What the task requires :: Transcribe each line of the records below exactly, excluding any embedded images.

··· Supplied entries ···

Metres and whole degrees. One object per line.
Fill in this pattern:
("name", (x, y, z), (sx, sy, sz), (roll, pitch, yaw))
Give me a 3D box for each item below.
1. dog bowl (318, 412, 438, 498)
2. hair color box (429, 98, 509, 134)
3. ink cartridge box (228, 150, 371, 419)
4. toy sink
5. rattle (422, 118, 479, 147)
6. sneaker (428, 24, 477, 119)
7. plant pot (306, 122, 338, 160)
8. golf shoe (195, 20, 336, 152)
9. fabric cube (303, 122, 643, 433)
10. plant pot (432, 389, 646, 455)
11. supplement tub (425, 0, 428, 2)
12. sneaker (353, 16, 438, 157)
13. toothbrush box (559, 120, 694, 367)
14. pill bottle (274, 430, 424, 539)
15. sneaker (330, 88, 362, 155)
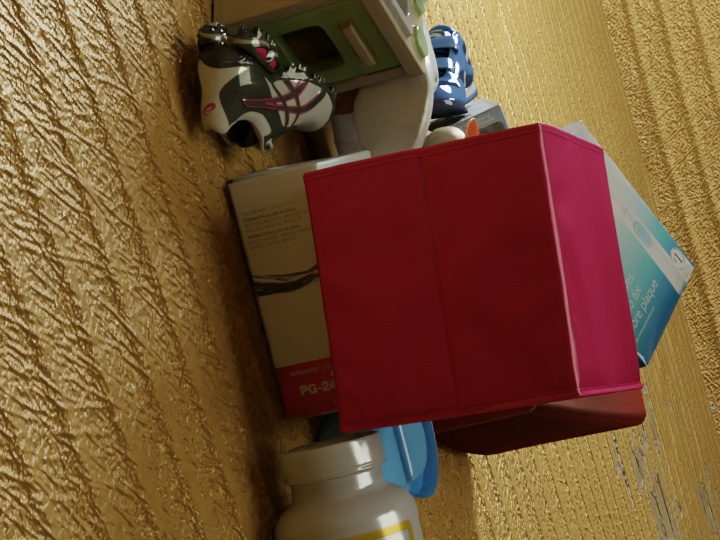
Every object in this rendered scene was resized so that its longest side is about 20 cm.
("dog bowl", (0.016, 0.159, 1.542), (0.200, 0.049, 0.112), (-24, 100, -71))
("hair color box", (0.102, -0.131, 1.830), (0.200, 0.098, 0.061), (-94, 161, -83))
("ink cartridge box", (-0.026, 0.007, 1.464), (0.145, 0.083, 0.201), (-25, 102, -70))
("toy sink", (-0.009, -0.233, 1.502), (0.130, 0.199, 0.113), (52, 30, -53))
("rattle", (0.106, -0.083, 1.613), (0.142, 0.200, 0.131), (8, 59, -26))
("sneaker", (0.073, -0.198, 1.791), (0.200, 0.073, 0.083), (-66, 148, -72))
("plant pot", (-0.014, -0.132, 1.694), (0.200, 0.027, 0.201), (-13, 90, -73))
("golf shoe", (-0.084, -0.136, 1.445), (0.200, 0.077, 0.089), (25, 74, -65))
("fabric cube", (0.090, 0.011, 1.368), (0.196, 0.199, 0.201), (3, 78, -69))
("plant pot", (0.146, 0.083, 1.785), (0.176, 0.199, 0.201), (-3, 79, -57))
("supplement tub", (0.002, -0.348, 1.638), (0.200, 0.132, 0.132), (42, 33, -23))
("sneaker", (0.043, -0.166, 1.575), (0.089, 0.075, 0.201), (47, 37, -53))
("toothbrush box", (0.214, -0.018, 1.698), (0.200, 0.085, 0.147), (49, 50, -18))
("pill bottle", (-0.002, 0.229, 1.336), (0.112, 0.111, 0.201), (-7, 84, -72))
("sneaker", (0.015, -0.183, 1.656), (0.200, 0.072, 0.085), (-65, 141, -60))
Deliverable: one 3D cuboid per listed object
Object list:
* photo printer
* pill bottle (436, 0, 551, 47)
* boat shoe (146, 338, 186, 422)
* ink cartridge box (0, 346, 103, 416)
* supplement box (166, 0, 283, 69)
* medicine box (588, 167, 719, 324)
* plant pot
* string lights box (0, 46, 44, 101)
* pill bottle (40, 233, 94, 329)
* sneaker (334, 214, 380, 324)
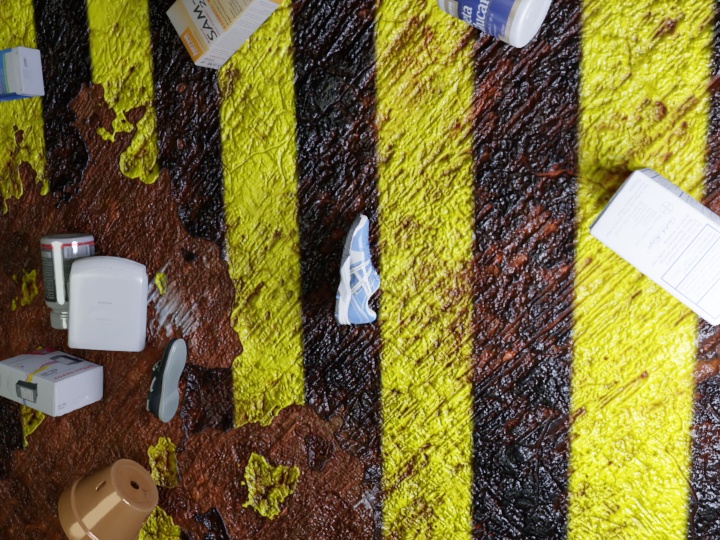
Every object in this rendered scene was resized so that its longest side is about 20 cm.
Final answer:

···

Answer to the problem ::
Metres and whole degrees. One object per line.
Fill in this pattern:
("name", (x, y, z), (sx, sy, sz), (roll, pitch, yaw))
Give me a 3D box for each item below.
1. dog bowl (318, 412, 438, 498)
2. hair color box (429, 98, 509, 134)
3. ink cartridge box (228, 150, 371, 419)
4. toy sink
5. rattle (422, 118, 479, 147)
6. sneaker (428, 24, 477, 119)
7. plant pot (306, 122, 338, 160)
8. golf shoe (195, 20, 336, 152)
9. fabric cube (303, 122, 643, 433)
10. plant pot (432, 389, 646, 455)
11. supplement tub (425, 0, 428, 2)
12. sneaker (353, 16, 438, 157)
13. toothbrush box (559, 120, 694, 367)
14. pill bottle (274, 430, 424, 539)
15. sneaker (330, 88, 362, 155)
Every object in this rendered scene was resized so that its longest side is about 20 cm.
("dog bowl", (0.016, 0.159, 1.542), (0.200, 0.049, 0.112), (-24, 100, -71))
("hair color box", (0.102, -0.131, 1.830), (0.200, 0.098, 0.061), (-94, 161, -83))
("ink cartridge box", (-0.026, 0.007, 1.464), (0.145, 0.083, 0.201), (-25, 102, -70))
("toy sink", (-0.009, -0.233, 1.502), (0.130, 0.199, 0.113), (52, 30, -53))
("rattle", (0.106, -0.083, 1.613), (0.142, 0.200, 0.131), (8, 59, -26))
("sneaker", (0.073, -0.198, 1.791), (0.200, 0.073, 0.083), (-66, 148, -72))
("plant pot", (-0.014, -0.132, 1.694), (0.200, 0.027, 0.201), (-13, 90, -73))
("golf shoe", (-0.084, -0.136, 1.445), (0.200, 0.077, 0.089), (25, 74, -65))
("fabric cube", (0.090, 0.011, 1.368), (0.196, 0.199, 0.201), (3, 78, -69))
("plant pot", (0.146, 0.083, 1.785), (0.176, 0.199, 0.201), (-3, 79, -57))
("supplement tub", (0.002, -0.348, 1.638), (0.200, 0.132, 0.132), (42, 33, -23))
("sneaker", (0.043, -0.166, 1.575), (0.089, 0.075, 0.201), (47, 37, -53))
("toothbrush box", (0.214, -0.018, 1.698), (0.200, 0.085, 0.147), (49, 50, -18))
("pill bottle", (-0.002, 0.229, 1.336), (0.112, 0.111, 0.201), (-7, 84, -72))
("sneaker", (0.015, -0.183, 1.656), (0.200, 0.072, 0.085), (-65, 141, -60))
Deliverable: one 3D cuboid per listed object
Object list:
* photo printer
* pill bottle (436, 0, 551, 47)
* boat shoe (146, 338, 186, 422)
* ink cartridge box (0, 346, 103, 416)
* supplement box (166, 0, 283, 69)
* medicine box (588, 167, 719, 324)
* plant pot
* string lights box (0, 46, 44, 101)
* pill bottle (40, 233, 94, 329)
* sneaker (334, 214, 380, 324)
Every object in this rendered scene was resized so that its longest side is about 20 cm.
Final answer:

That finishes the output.